**AVAILABLE DATA**
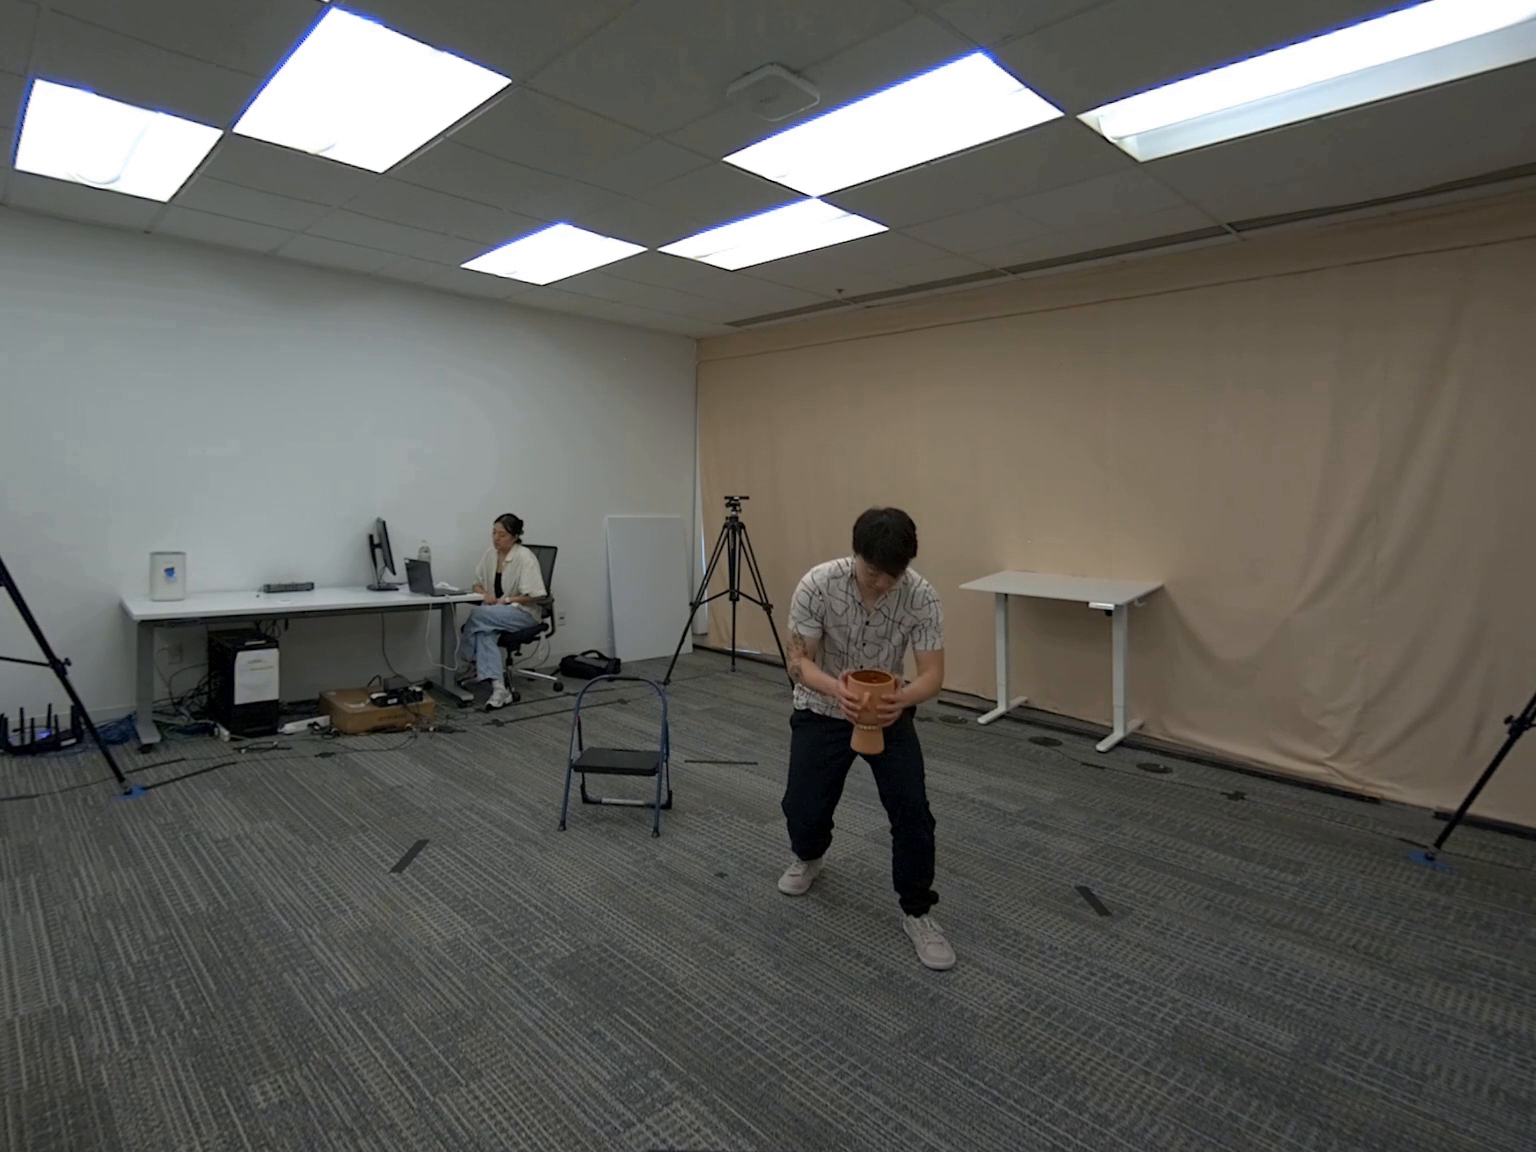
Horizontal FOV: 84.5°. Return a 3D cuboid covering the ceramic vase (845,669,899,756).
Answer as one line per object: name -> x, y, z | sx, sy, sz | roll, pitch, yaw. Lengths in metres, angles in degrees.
ceramic vase -> 0.288, 0.399, 2.457 | 0.156, 0.218, 0.138 | -8, 16, -37
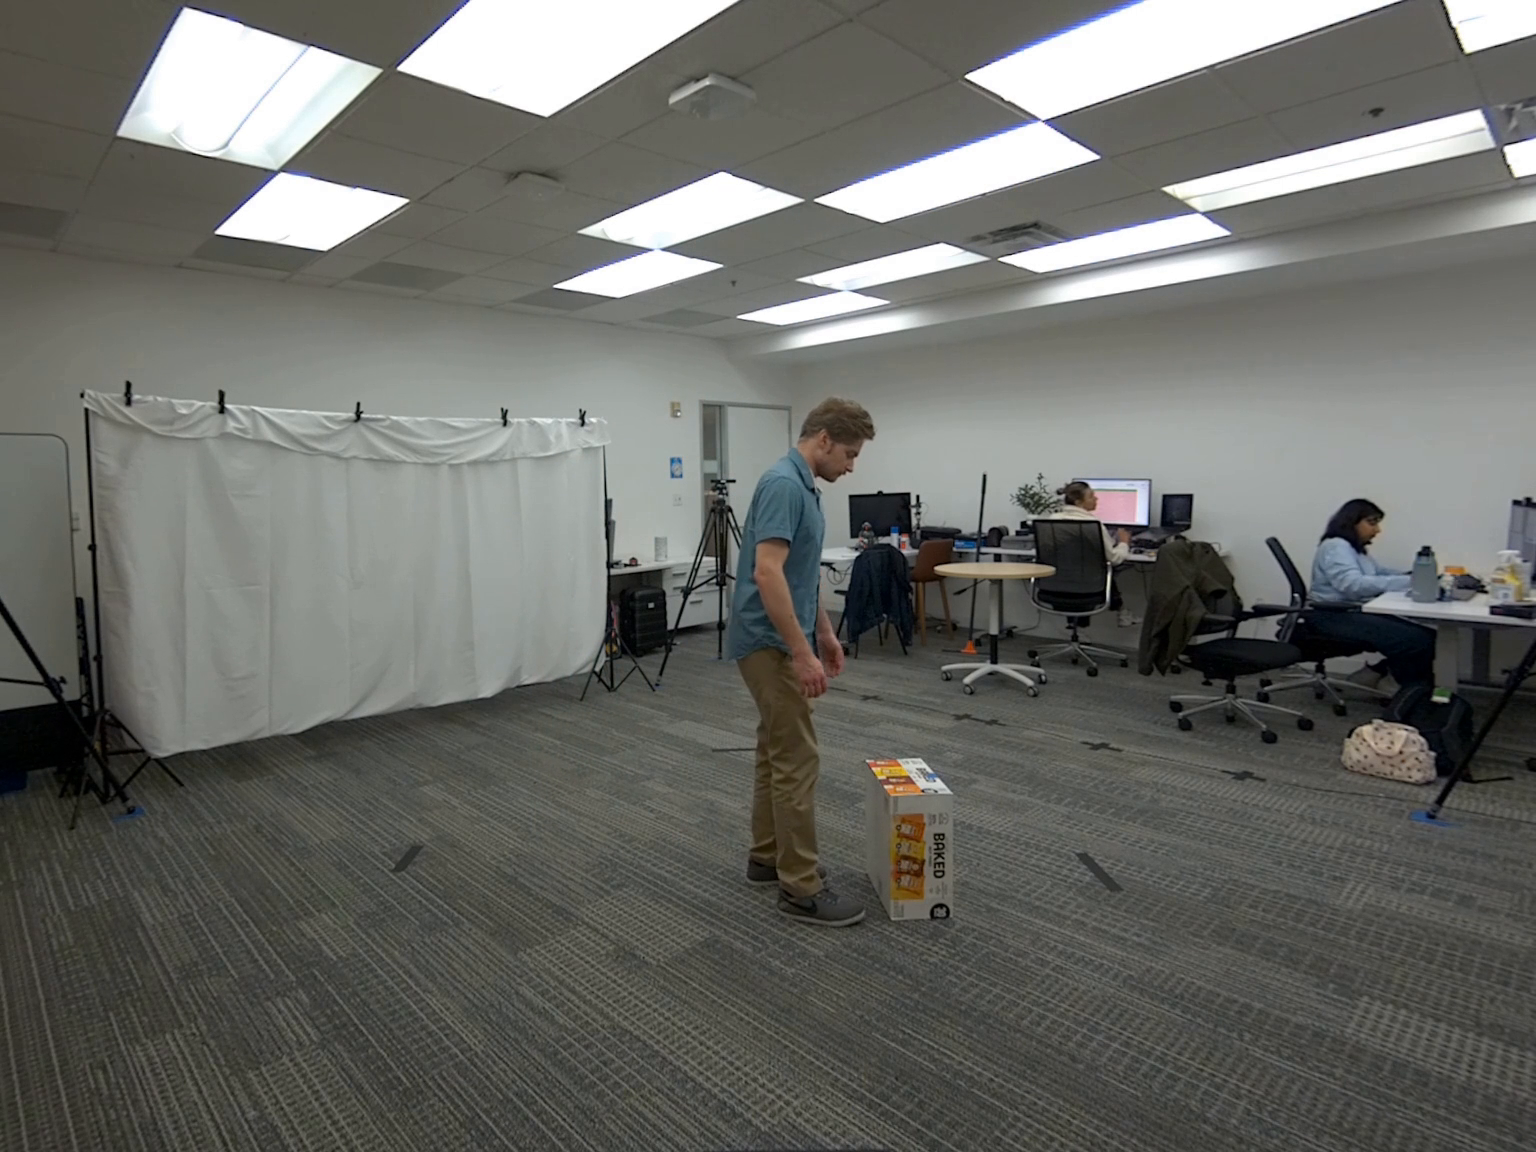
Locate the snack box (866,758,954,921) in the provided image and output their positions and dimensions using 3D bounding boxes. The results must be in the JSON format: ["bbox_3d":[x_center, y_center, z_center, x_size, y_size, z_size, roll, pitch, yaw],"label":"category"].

**PROBLEM DETAILS**
Repeat the data above exactly; images are not part of the copy.

**EXERCISE OUTPUT**
Horizontal FOV: 84.5°. Return a 3D cuboid covering the ceramic vase (845,669,899,756).
Answer as one line per object: name -> x, y, z | sx, sy, sz | roll, pitch, yaw. Lengths in metres, angles in degrees.
ceramic vase -> 0.288, 0.399, 2.457 | 0.156, 0.218, 0.138 | -8, 16, -37
Locate the snack box (866,758,954,921) in the provided image and output their positions and dimensions using 3D bounding boxes. The results must be in the JSON format: ["bbox_3d":[x_center, y_center, z_center, x_size, y_size, z_size, roll, pitch, yaw],"label":"category"].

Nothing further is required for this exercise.